A faithful copy of every entry, with the pictures removed, is what is needed here.

(Source records)
____________

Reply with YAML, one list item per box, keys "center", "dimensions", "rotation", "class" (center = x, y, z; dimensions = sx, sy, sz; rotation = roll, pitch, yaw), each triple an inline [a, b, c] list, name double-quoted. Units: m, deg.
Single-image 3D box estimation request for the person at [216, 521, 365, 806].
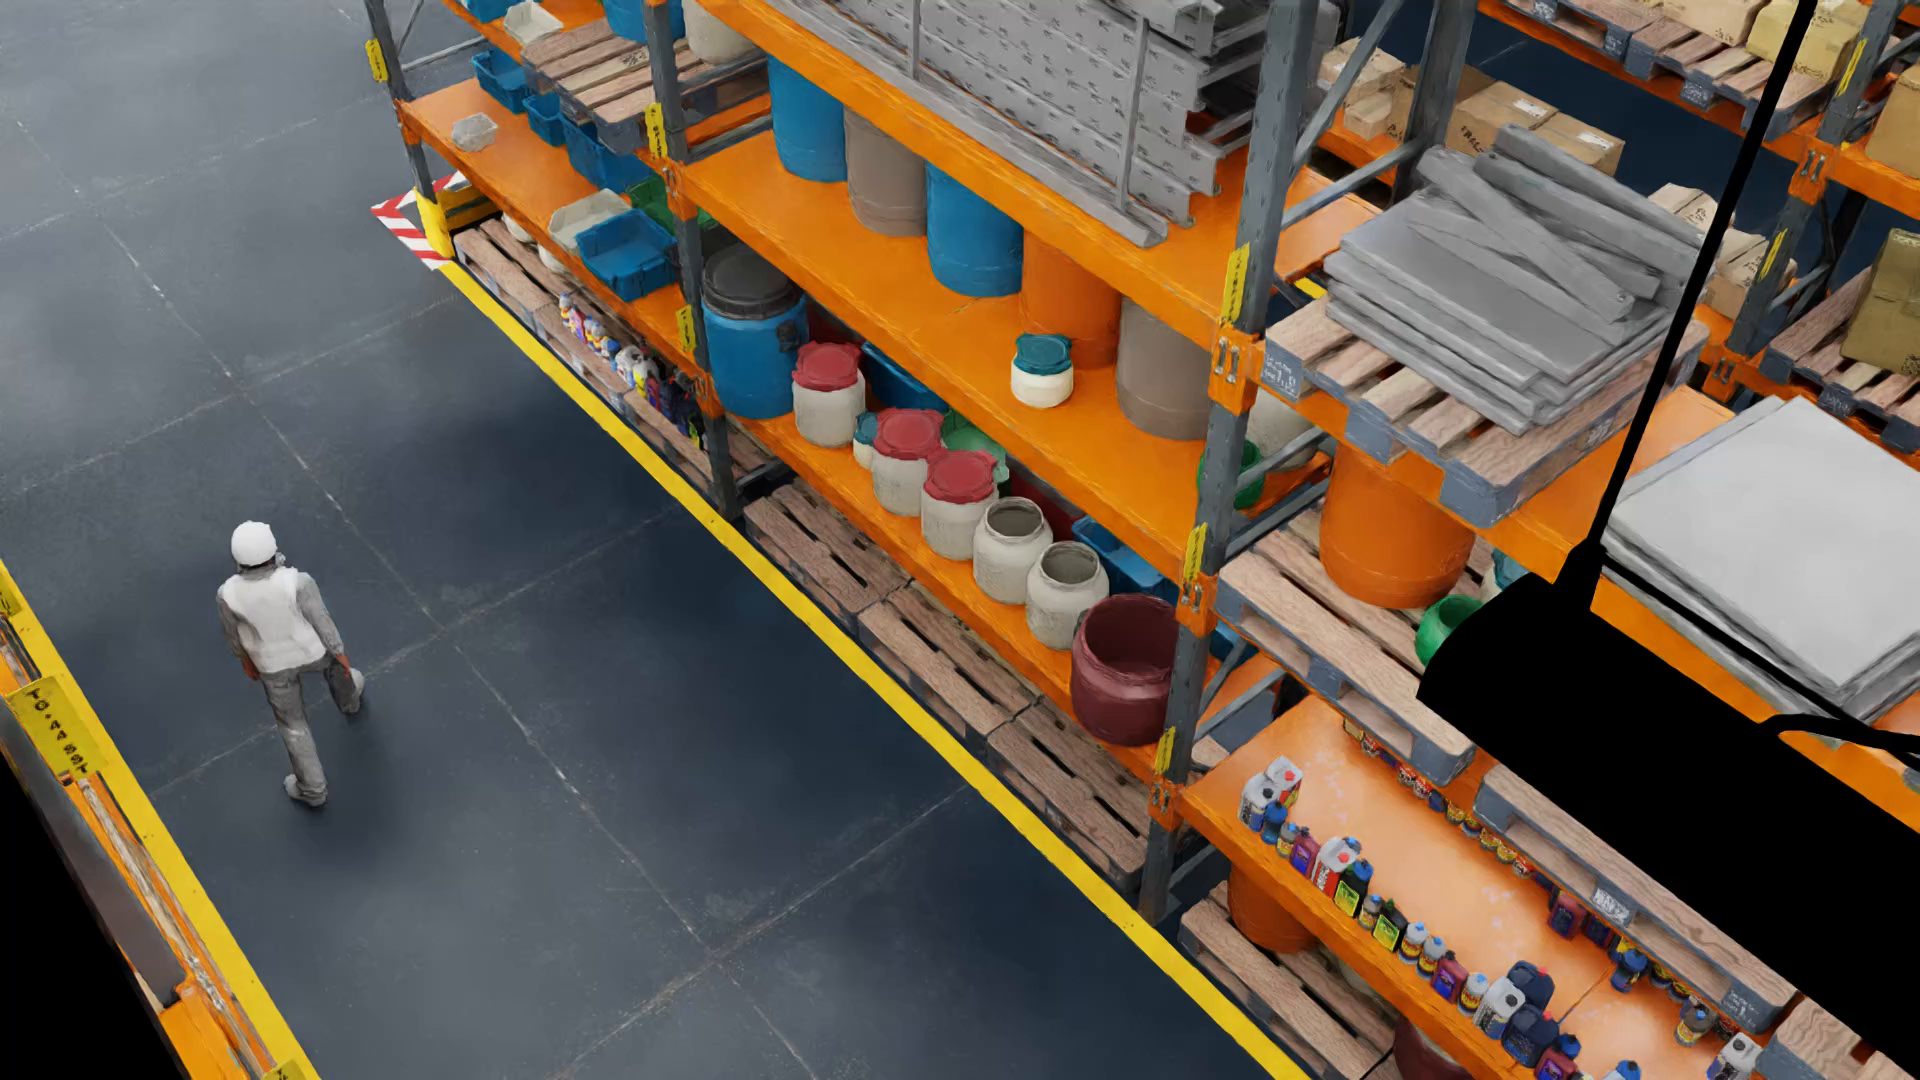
- center: [-3.713, 0.620, 9.217]
  dimensions: [0.574, 1.721, 0.955]
  rotation: [-14, 48, -13]
  class: "person"

____________

Task response:
Reply with YAML, one list item per box, keys "center", "dimensions", "rotation", "class" (center = x, y, z; dimensions = sx, sy, sz; rotation = roll, pitch, yaw), each triple an inline [a, b, c] list, name double-quoted. Units: m, deg.
Single-image 3D box estimation request for the person at [216, 521, 365, 806].
- center: [-3.713, 0.620, 9.217]
  dimensions: [0.574, 1.721, 0.955]
  rotation: [-14, 48, -13]
  class: "person"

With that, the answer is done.